Work item
Reproduce exactly the lines below, from the first one through the line containing "Be succinct. Nevada, Utah, Wyoming.", and omit any pictures.

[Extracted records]
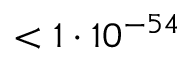Convert formula to latex. <formula><loc_0><loc_0><loc_500><loc_500>< 1 \cdot 1 0 ^ { - 5 4 }</formula> 
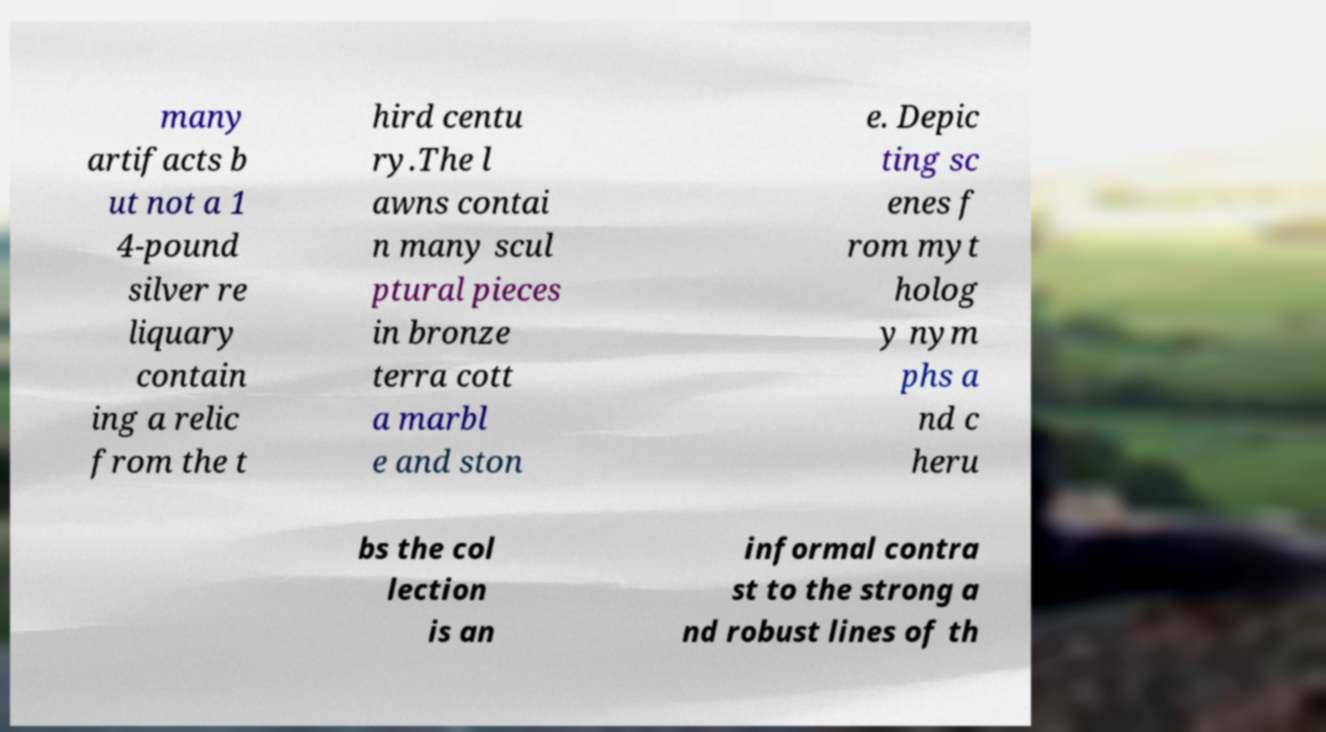For documentation purposes, I need the text within this image transcribed. Could you provide that? many artifacts b ut not a 1 4-pound silver re liquary contain ing a relic from the t hird centu ry.The l awns contai n many scul ptural pieces in bronze terra cott a marbl e and ston e. Depic ting sc enes f rom myt holog y nym phs a nd c heru bs the col lection is an informal contra st to the strong a nd robust lines of th 
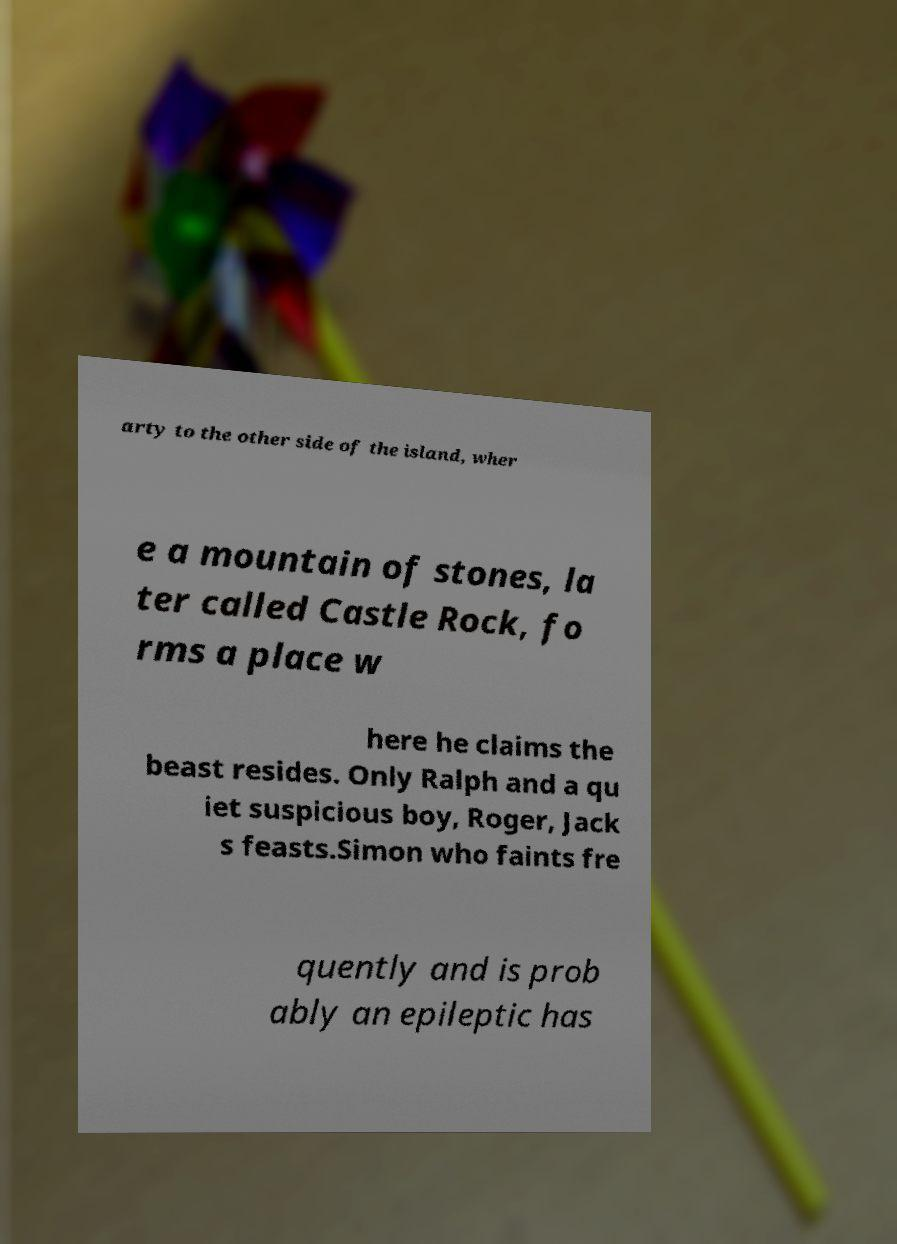Please identify and transcribe the text found in this image. arty to the other side of the island, wher e a mountain of stones, la ter called Castle Rock, fo rms a place w here he claims the beast resides. Only Ralph and a qu iet suspicious boy, Roger, Jack s feasts.Simon who faints fre quently and is prob ably an epileptic has 
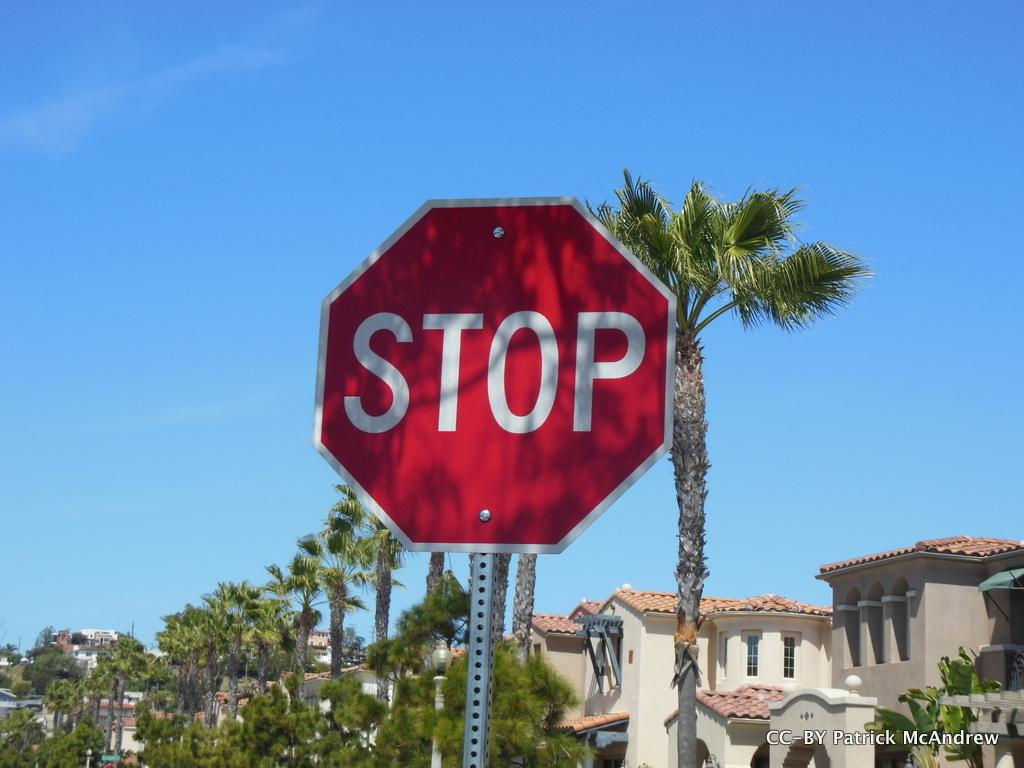<image>
Give a short and clear explanation of the subsequent image. Patrick McAndrew has documented a red stop sign. 
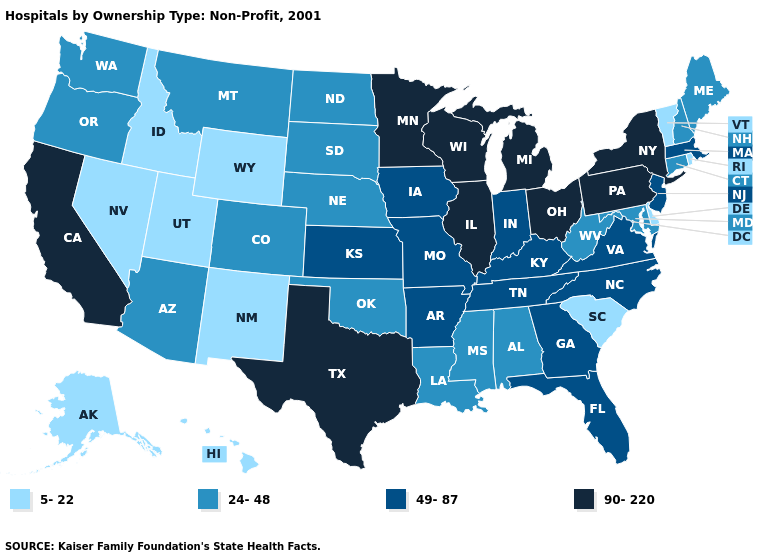What is the highest value in the West ?
Quick response, please. 90-220. Among the states that border New York , which have the lowest value?
Answer briefly. Vermont. Name the states that have a value in the range 90-220?
Be succinct. California, Illinois, Michigan, Minnesota, New York, Ohio, Pennsylvania, Texas, Wisconsin. Name the states that have a value in the range 5-22?
Concise answer only. Alaska, Delaware, Hawaii, Idaho, Nevada, New Mexico, Rhode Island, South Carolina, Utah, Vermont, Wyoming. Among the states that border Idaho , which have the lowest value?
Be succinct. Nevada, Utah, Wyoming. Name the states that have a value in the range 24-48?
Answer briefly. Alabama, Arizona, Colorado, Connecticut, Louisiana, Maine, Maryland, Mississippi, Montana, Nebraska, New Hampshire, North Dakota, Oklahoma, Oregon, South Dakota, Washington, West Virginia. Does Florida have the highest value in the South?
Keep it brief. No. What is the lowest value in the USA?
Write a very short answer. 5-22. Which states have the lowest value in the USA?
Give a very brief answer. Alaska, Delaware, Hawaii, Idaho, Nevada, New Mexico, Rhode Island, South Carolina, Utah, Vermont, Wyoming. What is the value of North Carolina?
Give a very brief answer. 49-87. Does Alabama have the highest value in the USA?
Give a very brief answer. No. What is the lowest value in the South?
Quick response, please. 5-22. What is the value of Florida?
Answer briefly. 49-87. How many symbols are there in the legend?
Write a very short answer. 4. 
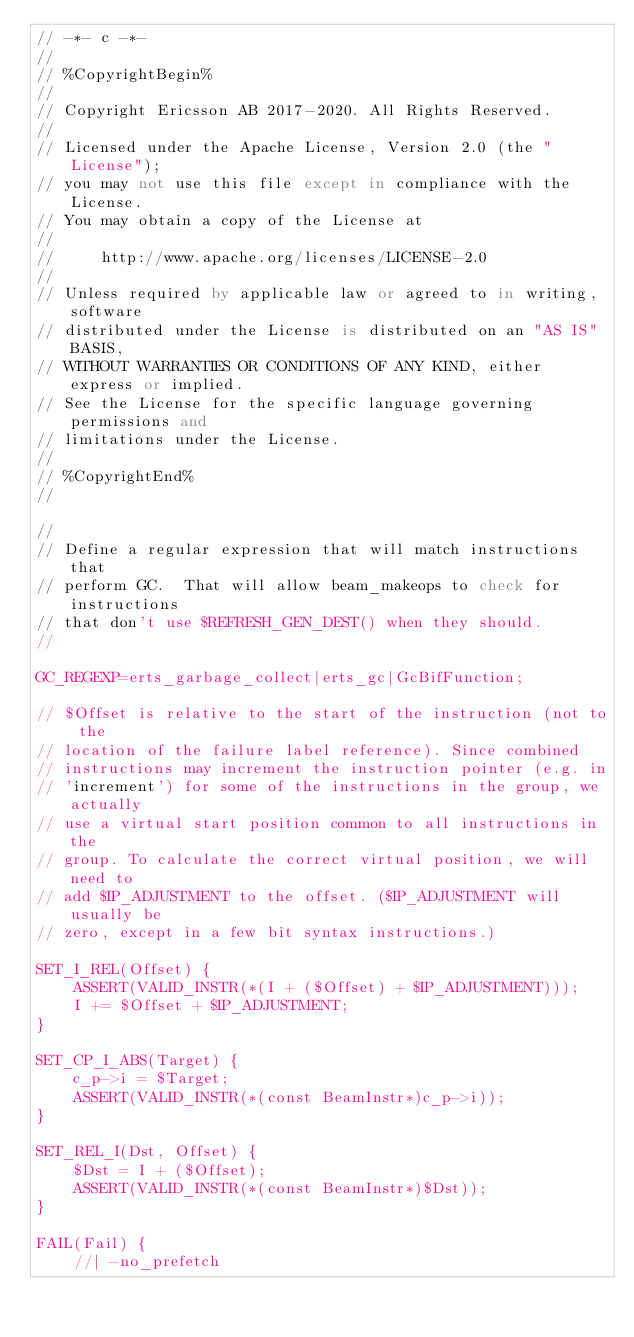Convert code to text. <code><loc_0><loc_0><loc_500><loc_500><_SQL_>// -*- c -*-
//
// %CopyrightBegin%
//
// Copyright Ericsson AB 2017-2020. All Rights Reserved.
//
// Licensed under the Apache License, Version 2.0 (the "License");
// you may not use this file except in compliance with the License.
// You may obtain a copy of the License at
//
//     http://www.apache.org/licenses/LICENSE-2.0
//
// Unless required by applicable law or agreed to in writing, software
// distributed under the License is distributed on an "AS IS" BASIS,
// WITHOUT WARRANTIES OR CONDITIONS OF ANY KIND, either express or implied.
// See the License for the specific language governing permissions and
// limitations under the License.
//
// %CopyrightEnd%
//

//
// Define a regular expression that will match instructions that
// perform GC.  That will allow beam_makeops to check for instructions
// that don't use $REFRESH_GEN_DEST() when they should.
//

GC_REGEXP=erts_garbage_collect|erts_gc|GcBifFunction;

// $Offset is relative to the start of the instruction (not to the
// location of the failure label reference). Since combined
// instructions may increment the instruction pointer (e.g. in
// 'increment') for some of the instructions in the group, we actually
// use a virtual start position common to all instructions in the
// group. To calculate the correct virtual position, we will need to
// add $IP_ADJUSTMENT to the offset. ($IP_ADJUSTMENT will usually be
// zero, except in a few bit syntax instructions.)

SET_I_REL(Offset) {
    ASSERT(VALID_INSTR(*(I + ($Offset) + $IP_ADJUSTMENT)));
    I += $Offset + $IP_ADJUSTMENT;
}

SET_CP_I_ABS(Target) {
    c_p->i = $Target;
    ASSERT(VALID_INSTR(*(const BeamInstr*)c_p->i));
}

SET_REL_I(Dst, Offset) {
    $Dst = I + ($Offset);
    ASSERT(VALID_INSTR(*(const BeamInstr*)$Dst));
}

FAIL(Fail) {
    //| -no_prefetch</code> 
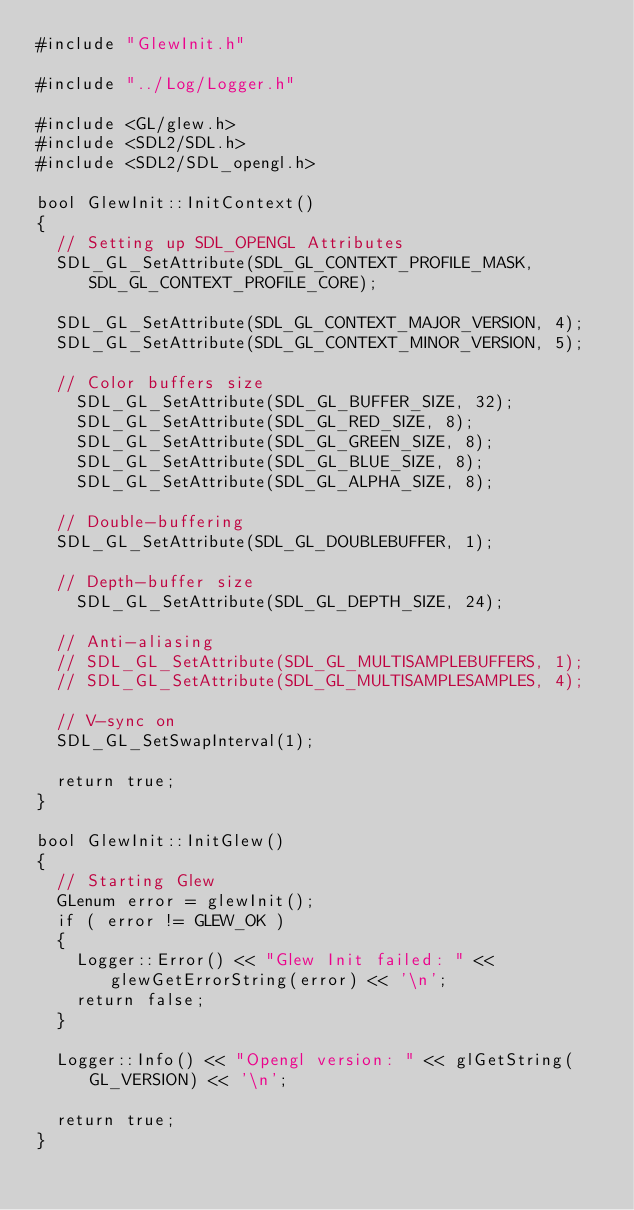Convert code to text. <code><loc_0><loc_0><loc_500><loc_500><_C++_>#include "GlewInit.h"

#include "../Log/Logger.h"

#include <GL/glew.h>
#include <SDL2/SDL.h>
#include <SDL2/SDL_opengl.h>

bool GlewInit::InitContext()
{
	// Setting up SDL_OPENGL Attributes
	SDL_GL_SetAttribute(SDL_GL_CONTEXT_PROFILE_MASK, SDL_GL_CONTEXT_PROFILE_CORE);

	SDL_GL_SetAttribute(SDL_GL_CONTEXT_MAJOR_VERSION, 4);
	SDL_GL_SetAttribute(SDL_GL_CONTEXT_MINOR_VERSION, 5);

	// Color buffers size
    SDL_GL_SetAttribute(SDL_GL_BUFFER_SIZE, 32);
    SDL_GL_SetAttribute(SDL_GL_RED_SIZE, 8);
    SDL_GL_SetAttribute(SDL_GL_GREEN_SIZE, 8);
    SDL_GL_SetAttribute(SDL_GL_BLUE_SIZE, 8);
    SDL_GL_SetAttribute(SDL_GL_ALPHA_SIZE, 8);

	// Double-buffering
	SDL_GL_SetAttribute(SDL_GL_DOUBLEBUFFER, 1);

	// Depth-buffer size
    SDL_GL_SetAttribute(SDL_GL_DEPTH_SIZE, 24);

	// Anti-aliasing
	// SDL_GL_SetAttribute(SDL_GL_MULTISAMPLEBUFFERS, 1);
	// SDL_GL_SetAttribute(SDL_GL_MULTISAMPLESAMPLES, 4);

	// V-sync on
	SDL_GL_SetSwapInterval(1);

	return true;
}

bool GlewInit::InitGlew()
{
	// Starting Glew
	GLenum error = glewInit();
	if ( error != GLEW_OK )
	{
		Logger::Error() << "Glew Init failed: " << glewGetErrorString(error) << '\n';
		return false;
	}

	Logger::Info() << "Opengl version: " << glGetString(GL_VERSION) << '\n';

	return true;
}
</code> 
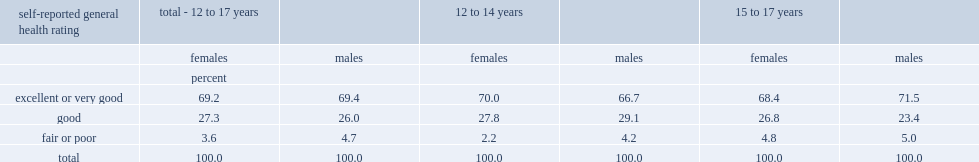What is the percentage of girls aged 12 to 17 rated their general health as "very good" or "excellent"? to 17. 69.2. What is the percentage of boys aged 12 to 17 rated their general health as "very good" or "excellent"? to 17. 69.4. Which age group were less likely to give ratings at the negative end of spectrum? 12 to 14. What is the percentage of girls aged 15 to 17 were rating "fair" and "poor"? 4.8. What is the percentage of girls aged 12 to 14 were rating "fair" and "poor"? 2.2. Which gender aged 12 to 14 were less likely to have rated their health as "poor" or "fair". Females. Which age group of boys were more likely to rate their general health as "very good" or "excellent"? Older boys. What is the percentage of older boys rated their general health as "very good" or "excellent"? 71.5. What is the percentage of younger boys rated their general health as "very good" or "excellent"? 66.7.

Your solution
Convert formula to latex. <formula><loc_0><loc_0><loc_500><loc_500>< 1 \cdot 1 0 ^ { - 5 4 }</formula> 
For documentation purposes, I need the text within this image transcribed. Could you provide that? many artifacts b ut not a 1 4-pound silver re liquary contain ing a relic from the t hird centu ry.The l awns contai n many scul ptural pieces in bronze terra cott a marbl e and ston e. Depic ting sc enes f rom myt holog y nym phs a nd c heru bs the col lection is an informal contra st to the strong a nd robust lines of th 
Please identify and transcribe the text found in this image. arty to the other side of the island, wher e a mountain of stones, la ter called Castle Rock, fo rms a place w here he claims the beast resides. Only Ralph and a qu iet suspicious boy, Roger, Jack s feasts.Simon who faints fre quently and is prob ably an epileptic has 
<image>
Give a short and clear explanation of the subsequent image. Patrick McAndrew has documented a red stop sign. 
What is the highest value in the West ?
Quick response, please. 90-220. Among the states that border New York , which have the lowest value?
Answer briefly. Vermont. Name the states that have a value in the range 90-220?
Be succinct. California, Illinois, Michigan, Minnesota, New York, Ohio, Pennsylvania, Texas, Wisconsin. Name the states that have a value in the range 5-22?
Concise answer only. Alaska, Delaware, Hawaii, Idaho, Nevada, New Mexico, Rhode Island, South Carolina, Utah, Vermont, Wyoming. Among the states that border Idaho , which have the lowest value?
Be succinct. Nevada, Utah, Wyoming. Name the states that have a value in the range 24-48?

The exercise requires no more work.